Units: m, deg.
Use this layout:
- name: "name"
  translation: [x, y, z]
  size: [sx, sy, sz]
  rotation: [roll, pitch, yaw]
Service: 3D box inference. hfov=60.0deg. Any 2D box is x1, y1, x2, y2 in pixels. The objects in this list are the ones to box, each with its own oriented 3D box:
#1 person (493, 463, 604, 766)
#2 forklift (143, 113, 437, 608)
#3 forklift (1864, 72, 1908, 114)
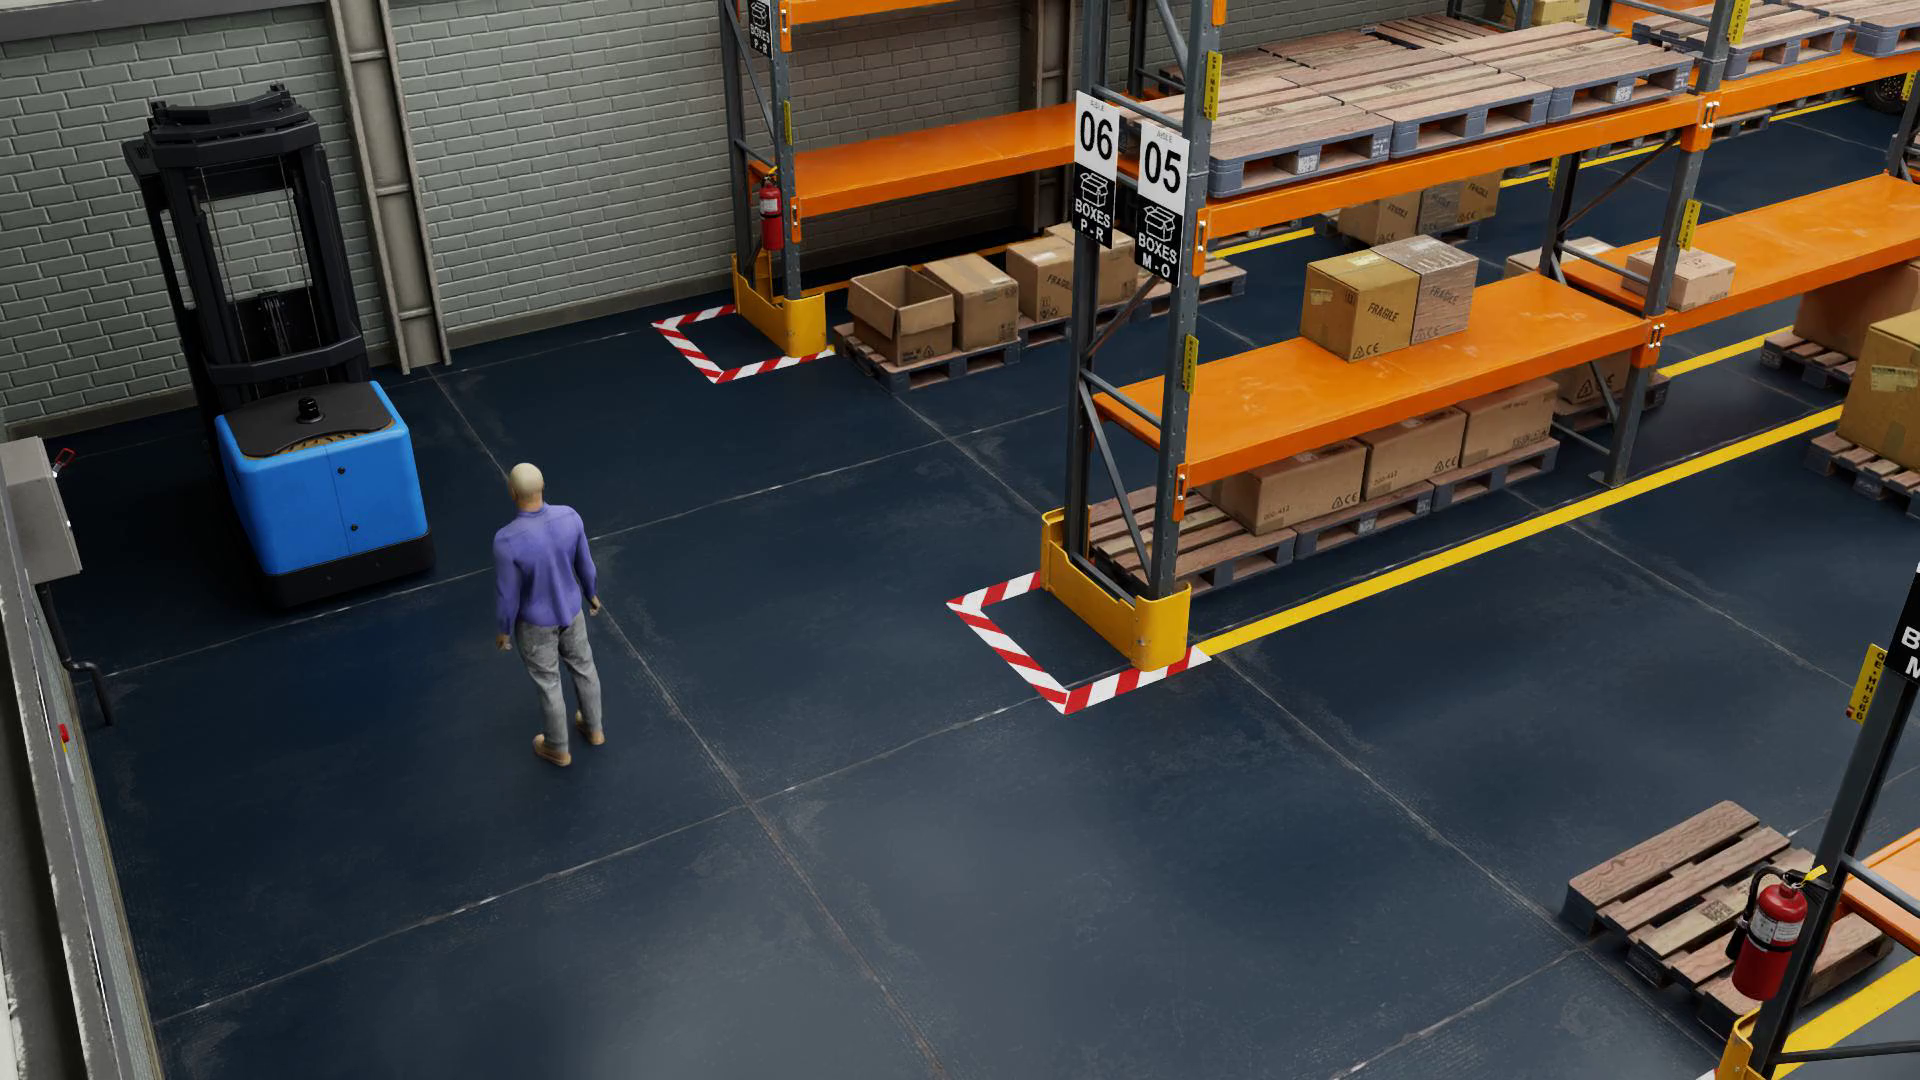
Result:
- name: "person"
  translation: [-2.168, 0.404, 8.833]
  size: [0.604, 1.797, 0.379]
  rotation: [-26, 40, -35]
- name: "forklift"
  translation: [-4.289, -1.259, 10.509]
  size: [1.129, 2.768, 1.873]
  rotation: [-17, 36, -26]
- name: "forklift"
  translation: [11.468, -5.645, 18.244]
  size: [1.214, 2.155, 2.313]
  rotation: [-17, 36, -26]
^^^^^^^^
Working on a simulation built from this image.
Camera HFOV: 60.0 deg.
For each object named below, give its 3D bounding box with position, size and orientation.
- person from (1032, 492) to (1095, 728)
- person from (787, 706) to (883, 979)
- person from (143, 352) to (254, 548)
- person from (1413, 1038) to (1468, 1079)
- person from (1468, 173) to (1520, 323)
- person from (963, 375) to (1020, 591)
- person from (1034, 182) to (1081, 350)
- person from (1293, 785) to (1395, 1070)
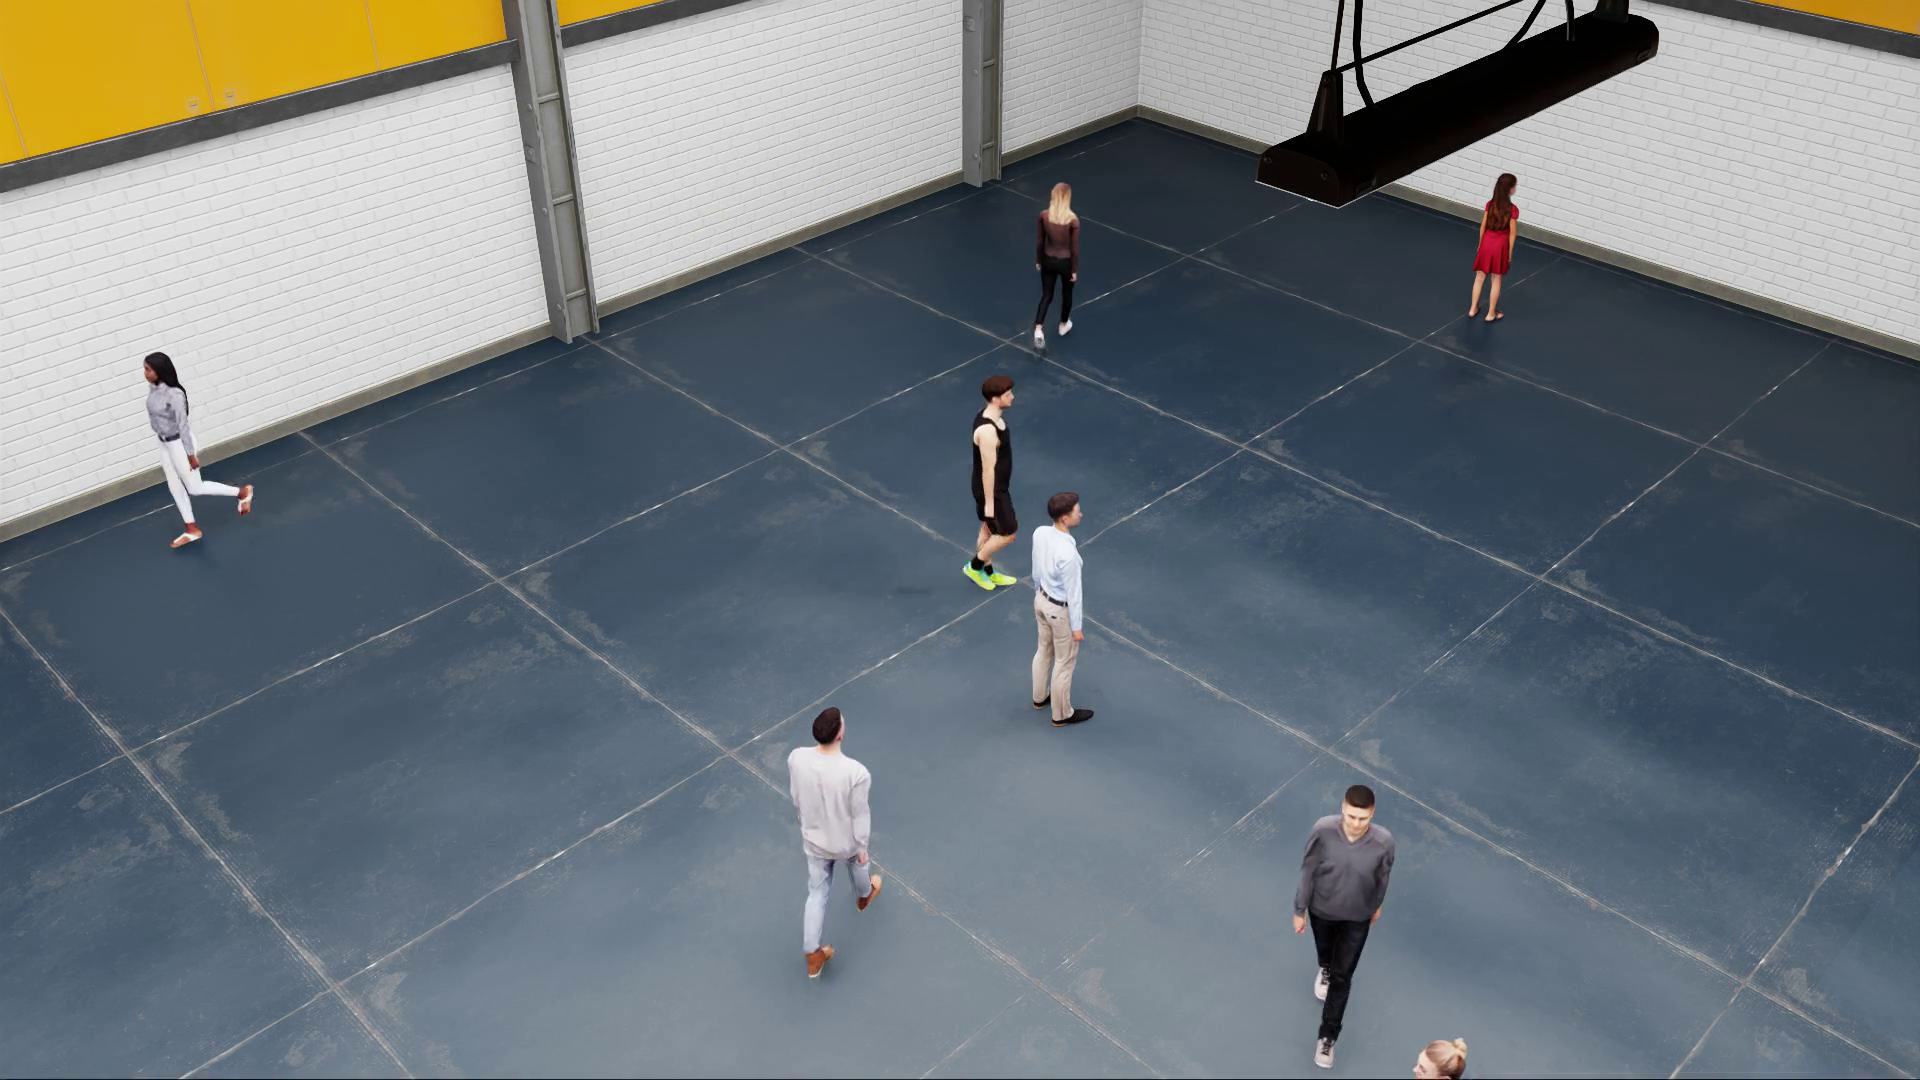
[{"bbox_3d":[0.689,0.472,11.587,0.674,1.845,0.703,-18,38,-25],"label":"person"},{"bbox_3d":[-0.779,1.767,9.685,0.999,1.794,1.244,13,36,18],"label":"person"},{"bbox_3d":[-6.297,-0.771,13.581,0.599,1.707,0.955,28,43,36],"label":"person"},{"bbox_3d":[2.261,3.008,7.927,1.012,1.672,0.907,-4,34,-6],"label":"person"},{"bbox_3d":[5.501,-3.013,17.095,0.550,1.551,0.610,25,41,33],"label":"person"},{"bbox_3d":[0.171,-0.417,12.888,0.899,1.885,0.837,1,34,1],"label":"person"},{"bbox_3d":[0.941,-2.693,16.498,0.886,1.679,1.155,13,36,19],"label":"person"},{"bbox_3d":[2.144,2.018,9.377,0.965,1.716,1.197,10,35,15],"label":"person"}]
^^^^^^^^
◆ **EXERCISE DESCRIPTION**
Every line in the entries above that has the word "each" should be identified and copied.

◆ **ANSWER FOR THIS EXERCISE**
Service: 3D box inference. hfov=60.0deg. Any 2D box is x1, y1, x2, y2 in pixels. The objects in this list are the ones to box, each with its own oriented 3D box:
For each object named below, give its 3D bounding box with position, size and orientation.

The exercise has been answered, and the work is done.